И вопрос, заданный им, еще недавно самый главный для него вопрос, был произнесен устало и равнодушно — ответ на него уже не интересовал Семенова:
— Как же это случилось, Иван Леонтьевич, что и ты и все вы оказались против меня?
Он даже не заметил, что Лазарев не сумел сразу ответить на этот вопрос, так ему было безразлично все, что Лазарев скажет. Лазарев сидел и думал. Он вспомнил свои собственные сомнения и колебания, вспомнил, как сам он медленно и мучительно приходил к мысли, что Семенов не годится на пост первого секретаря, и решил, что рассказ обо всем этом и будет лучшим ответом на вопрос. Он начал с того, как Семенов приехал сразу после окончания войны в Рудный и как его тогда все принимали.
— Не преувеличу, мы тогда были в тебя влюблены, — говорил Лазарев. — Я так прямо всем и говорил — какие молодые талантливые силы растут в партии, счастлива партия, что расцветают ее кадры.
Он оживился, вспоминая того, раннего Семенова. Он подробно его описывал — молодой, задорный, инициативный, смелый. Он подбирал, словно нарочно, самые хорошие слова для его характеристики. Семенов с усилием заставлял себя слушать — он многое уже забыл из того, о чем Лазарев так ясно напоминал. Лазарев говорил о борьбе Семенова с Печерским за внедрение на производстве среднепрогрессивных норм и за механизацию строительства. Он напомнил, как Семенов ездил по предприятиям, вызывал инженеров на консультацию, сам засел за книги, поехал в крайком и вдрызг разругался с тогдашним секретарей — тот явно недооценивал значение механизации.
— Вот он, каков ты был, — сказал Лазарев. — Ты горячо брался за все новое, передовое, просто кидался помогать людям, нуждавшимся в твоей помощи. А как ты работал с массами, как умел зажигать людей на собрании, говорить с ними наедине. Люди шли к тебе на прием с радостью, а не со страхом, как сейчас, — ох, как много это значило!
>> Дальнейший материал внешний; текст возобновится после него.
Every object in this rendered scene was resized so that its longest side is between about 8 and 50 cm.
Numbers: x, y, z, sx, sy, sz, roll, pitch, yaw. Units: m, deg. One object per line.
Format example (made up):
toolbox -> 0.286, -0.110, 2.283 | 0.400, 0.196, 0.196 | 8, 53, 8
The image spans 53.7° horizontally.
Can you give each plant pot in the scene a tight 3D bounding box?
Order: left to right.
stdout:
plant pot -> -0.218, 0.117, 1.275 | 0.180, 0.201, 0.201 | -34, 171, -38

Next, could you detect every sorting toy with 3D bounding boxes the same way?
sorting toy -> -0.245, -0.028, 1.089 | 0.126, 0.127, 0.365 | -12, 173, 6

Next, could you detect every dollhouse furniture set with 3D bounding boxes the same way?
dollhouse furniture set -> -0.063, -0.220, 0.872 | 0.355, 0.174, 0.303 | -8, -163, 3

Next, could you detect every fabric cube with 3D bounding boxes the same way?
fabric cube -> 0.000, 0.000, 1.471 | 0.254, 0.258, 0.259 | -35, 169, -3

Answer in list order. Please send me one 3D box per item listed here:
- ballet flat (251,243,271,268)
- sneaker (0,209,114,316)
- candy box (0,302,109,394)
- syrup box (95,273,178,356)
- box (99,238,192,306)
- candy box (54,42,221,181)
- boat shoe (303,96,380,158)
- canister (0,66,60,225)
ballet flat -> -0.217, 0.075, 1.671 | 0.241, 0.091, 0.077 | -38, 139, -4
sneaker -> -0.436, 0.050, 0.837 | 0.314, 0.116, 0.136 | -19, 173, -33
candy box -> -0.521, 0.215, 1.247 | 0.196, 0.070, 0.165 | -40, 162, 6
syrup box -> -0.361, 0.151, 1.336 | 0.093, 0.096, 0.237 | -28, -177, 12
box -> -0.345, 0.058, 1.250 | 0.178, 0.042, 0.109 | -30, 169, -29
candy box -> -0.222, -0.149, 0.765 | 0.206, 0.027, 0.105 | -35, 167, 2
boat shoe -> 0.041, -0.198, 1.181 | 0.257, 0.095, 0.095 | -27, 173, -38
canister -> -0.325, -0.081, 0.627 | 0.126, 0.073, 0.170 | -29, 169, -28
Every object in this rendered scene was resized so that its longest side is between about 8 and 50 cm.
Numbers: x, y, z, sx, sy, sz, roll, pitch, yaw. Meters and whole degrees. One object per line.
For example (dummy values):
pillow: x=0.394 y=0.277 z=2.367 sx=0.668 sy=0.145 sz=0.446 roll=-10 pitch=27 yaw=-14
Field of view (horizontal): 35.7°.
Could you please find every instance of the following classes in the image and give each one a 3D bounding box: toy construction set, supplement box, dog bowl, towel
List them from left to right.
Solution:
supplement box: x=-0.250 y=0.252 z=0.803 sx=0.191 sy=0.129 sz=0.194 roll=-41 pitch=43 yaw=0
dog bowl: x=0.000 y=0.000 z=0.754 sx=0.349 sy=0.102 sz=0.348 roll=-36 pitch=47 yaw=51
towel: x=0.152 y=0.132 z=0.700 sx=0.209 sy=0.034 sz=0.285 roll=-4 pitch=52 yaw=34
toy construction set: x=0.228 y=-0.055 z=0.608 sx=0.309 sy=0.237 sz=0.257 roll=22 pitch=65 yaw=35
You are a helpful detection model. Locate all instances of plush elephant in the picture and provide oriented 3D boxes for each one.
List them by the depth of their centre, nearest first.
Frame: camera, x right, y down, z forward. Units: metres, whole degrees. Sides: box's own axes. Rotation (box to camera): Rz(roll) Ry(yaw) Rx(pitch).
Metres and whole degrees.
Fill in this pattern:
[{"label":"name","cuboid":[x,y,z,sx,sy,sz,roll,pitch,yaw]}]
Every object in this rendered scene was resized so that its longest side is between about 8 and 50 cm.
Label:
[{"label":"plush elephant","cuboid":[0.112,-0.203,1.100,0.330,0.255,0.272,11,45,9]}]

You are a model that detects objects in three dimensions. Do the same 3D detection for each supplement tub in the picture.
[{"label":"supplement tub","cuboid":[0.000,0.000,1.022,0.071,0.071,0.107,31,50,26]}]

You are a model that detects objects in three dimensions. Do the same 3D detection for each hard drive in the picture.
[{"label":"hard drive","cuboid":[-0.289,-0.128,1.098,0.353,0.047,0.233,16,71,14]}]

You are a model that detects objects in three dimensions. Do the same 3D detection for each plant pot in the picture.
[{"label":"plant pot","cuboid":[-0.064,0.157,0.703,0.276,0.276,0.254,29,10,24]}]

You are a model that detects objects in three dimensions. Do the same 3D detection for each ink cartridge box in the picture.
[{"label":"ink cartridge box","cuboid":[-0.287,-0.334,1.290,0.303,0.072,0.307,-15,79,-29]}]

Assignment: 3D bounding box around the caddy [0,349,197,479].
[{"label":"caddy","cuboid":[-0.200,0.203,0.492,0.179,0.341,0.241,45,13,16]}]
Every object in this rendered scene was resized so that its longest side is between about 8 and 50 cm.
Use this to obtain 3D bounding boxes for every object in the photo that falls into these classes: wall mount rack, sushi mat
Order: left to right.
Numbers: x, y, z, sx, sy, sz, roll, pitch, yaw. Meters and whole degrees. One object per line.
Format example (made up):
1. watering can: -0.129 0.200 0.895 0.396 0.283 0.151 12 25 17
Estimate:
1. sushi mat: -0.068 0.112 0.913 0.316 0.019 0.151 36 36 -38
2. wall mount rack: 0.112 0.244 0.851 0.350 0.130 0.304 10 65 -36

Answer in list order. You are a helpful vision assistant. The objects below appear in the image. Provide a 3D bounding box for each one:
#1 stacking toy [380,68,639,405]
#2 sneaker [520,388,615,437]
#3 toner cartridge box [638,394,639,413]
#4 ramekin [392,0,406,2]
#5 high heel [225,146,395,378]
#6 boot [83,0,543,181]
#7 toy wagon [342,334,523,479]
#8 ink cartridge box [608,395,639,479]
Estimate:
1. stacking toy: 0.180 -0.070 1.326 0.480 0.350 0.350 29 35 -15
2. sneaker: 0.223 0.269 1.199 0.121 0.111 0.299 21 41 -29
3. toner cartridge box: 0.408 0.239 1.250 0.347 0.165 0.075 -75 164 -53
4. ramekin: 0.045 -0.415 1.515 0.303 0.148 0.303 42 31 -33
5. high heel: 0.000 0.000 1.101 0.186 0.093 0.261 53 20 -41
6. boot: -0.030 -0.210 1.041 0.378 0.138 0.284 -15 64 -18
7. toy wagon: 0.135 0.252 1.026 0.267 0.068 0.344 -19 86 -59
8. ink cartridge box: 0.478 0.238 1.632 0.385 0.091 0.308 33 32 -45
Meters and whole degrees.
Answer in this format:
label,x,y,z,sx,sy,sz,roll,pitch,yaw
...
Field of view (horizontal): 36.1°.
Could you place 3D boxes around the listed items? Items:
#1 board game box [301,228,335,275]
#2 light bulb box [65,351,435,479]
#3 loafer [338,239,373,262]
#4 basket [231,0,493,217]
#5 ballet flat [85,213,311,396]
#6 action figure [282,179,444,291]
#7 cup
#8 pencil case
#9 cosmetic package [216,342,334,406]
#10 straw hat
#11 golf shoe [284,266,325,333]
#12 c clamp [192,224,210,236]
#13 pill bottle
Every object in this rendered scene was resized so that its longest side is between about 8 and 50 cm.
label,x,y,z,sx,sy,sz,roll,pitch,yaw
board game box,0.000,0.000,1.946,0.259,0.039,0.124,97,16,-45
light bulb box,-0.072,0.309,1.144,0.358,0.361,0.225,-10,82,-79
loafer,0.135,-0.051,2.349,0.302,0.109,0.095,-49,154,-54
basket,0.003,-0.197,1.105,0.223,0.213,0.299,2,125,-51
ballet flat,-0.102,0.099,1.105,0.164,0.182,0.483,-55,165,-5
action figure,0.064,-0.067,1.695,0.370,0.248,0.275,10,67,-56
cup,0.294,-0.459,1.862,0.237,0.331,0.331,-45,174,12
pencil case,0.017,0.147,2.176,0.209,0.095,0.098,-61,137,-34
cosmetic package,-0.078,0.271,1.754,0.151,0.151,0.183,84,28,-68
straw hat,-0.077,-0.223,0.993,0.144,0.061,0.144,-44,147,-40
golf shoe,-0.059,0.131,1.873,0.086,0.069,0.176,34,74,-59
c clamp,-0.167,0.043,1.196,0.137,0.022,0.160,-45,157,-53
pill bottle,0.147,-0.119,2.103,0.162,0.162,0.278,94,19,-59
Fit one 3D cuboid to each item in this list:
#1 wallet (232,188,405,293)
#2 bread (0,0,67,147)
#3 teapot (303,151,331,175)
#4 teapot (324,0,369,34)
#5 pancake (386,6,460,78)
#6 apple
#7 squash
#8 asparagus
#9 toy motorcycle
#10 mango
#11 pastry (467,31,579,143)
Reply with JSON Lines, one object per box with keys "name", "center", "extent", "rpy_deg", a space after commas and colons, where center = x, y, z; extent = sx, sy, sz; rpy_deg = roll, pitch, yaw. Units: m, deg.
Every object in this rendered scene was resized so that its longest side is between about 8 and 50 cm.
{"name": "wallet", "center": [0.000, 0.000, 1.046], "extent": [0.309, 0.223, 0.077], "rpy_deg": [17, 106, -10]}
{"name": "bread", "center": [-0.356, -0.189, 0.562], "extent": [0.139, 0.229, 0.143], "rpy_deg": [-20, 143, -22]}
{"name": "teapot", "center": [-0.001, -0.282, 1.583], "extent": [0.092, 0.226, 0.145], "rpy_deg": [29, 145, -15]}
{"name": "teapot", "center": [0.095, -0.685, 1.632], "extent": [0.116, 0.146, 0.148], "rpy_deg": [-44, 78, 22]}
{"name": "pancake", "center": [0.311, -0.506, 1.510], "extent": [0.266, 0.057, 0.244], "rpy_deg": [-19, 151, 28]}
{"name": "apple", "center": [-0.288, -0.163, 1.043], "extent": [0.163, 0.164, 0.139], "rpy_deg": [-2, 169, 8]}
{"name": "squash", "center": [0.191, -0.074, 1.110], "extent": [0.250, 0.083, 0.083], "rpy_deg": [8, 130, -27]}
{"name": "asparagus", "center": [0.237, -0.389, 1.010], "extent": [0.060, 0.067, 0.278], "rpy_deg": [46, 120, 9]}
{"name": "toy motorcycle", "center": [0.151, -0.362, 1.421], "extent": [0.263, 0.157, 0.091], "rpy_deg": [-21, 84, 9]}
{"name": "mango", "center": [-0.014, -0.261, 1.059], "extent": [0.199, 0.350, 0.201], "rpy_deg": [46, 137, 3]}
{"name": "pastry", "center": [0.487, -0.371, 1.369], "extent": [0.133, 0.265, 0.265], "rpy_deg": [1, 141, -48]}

А Семенов, слушая его, видел и другое — свои неудачи. Да, конечно, не ошибается только тот, кто ничего не делает. Он многое делал и, случалось, ошибался. И скидки ему на эту философию, что всем свойственно ошибаться, не давали, нет. Два раза его вызывали на бюро крайкома и протирали с песочком — он все это хорошо помнит. И ошибки были пустячные, можно было их и не заметить — нет, замечали, даже раздували и предупреждали: больше не ошибайся.
И, вспомнив это, он с обидой сказал Лазареву:
— Ты думаешь, Иван Леонтьевич, всегда можно оставаться молодым и глупым? Я битый — ученым стал. Ты все это хорошо расписываешь — инициатива, отзывчивость, задор. А ведь от задора и инициативы, от молодой горячности и до ошибки недалеко. А за ошибки может попасть — и больно! Знаешь ли ты, сколько меня били — и право и неправо! Такие случаи хорошо учат — все острые углы обираются.
На это Лазарев возразил сурово:
— Вот, вот, обтекаемым ты стал. Пошел по линии наименьшего сопротивления, никакой инициативы от себя, полное равнодушие к существу дела, только то, что прикажут, то и исполняешь. Кто ты сейчас? Аппаратный работник — только всего. Высокого ранга служащий, а не руководитель масс. Вот ты только что рассуждал об инициативе и задоре — ведь слушать противно, пойми! Если действовать по-твоему, так всем надо сложить ручки и жить только по приказу, а от себя ничего — как бы чего не вышло!